坐有坐相,吃有吃相,是父母从小灌输的餐桌礼仪。都想让自己的孩子一副彬彬有礼的样子。人生贵适意,宽松的环境里,我们可以放肆一点。吃饭若能充分享受,不拘泥于太多礼数,吃的大快朵颐,怡然自得,果腹后惬意的摸摸自己微凸的胖肚子,不乏一大乐事。
我在家乡见过别人痛快淋漓的吃,记忆犹新。正是夏忙收麦季节,街上一家饸饹馆,食者五十来岁,在当街的水泥路上晾晒麦子。上身一件半旧的白色跨栏背心,裸露的硕健膀臂被仲夏的烈日烤的油光发亮,头戴崭新的麦秸秆编织宽沿凉草帽,右肩搭块浸湿毛巾,进门就喊“老板,大碗饸饹搅肉,肉切硬,辣子拌红”。饸饹是渭北地区很亲民的面食,能补充重体力劳动消耗的脂肪和碳水化合物。
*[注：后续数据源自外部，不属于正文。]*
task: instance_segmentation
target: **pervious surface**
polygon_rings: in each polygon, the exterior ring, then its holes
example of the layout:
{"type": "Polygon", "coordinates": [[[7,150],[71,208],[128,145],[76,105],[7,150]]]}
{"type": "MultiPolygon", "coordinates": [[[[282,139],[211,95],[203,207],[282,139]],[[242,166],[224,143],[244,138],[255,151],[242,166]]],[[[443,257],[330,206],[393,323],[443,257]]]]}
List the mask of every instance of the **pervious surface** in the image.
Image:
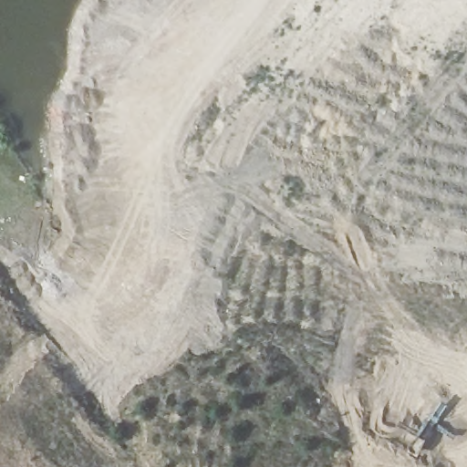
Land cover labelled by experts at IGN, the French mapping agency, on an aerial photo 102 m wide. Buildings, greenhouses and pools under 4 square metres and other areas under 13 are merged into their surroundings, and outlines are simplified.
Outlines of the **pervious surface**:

喊罢,转身走向隔壁的散酒商店,回来时,手里提溜着灌满散酒的矿泉水瓶。饸饹搅肉上桌后,粗壮有力的手从容的拧开瓶盖,随着喉结一上一下,三分之一已经下肚,开始呼噜呼噜往嘴里挑饸饹和白切肉块,挑过两大口,抓起瓶子又灌了口酒,继续挑饸饹,夹肉块,直吃的额头青筋凸起,满头大汗。就着碗底不多的豆芽和肉块,将剩余的酒一饮而尽,起身用毛巾擦擦嘴抹抹额头的汗珠,搭上毛巾,戴上草帽,离店而去。这景象我久久难忘,质朴的乡党,自食其力,心里坦坦荡荡,饥来吃饭,取其充腹,无关吃相。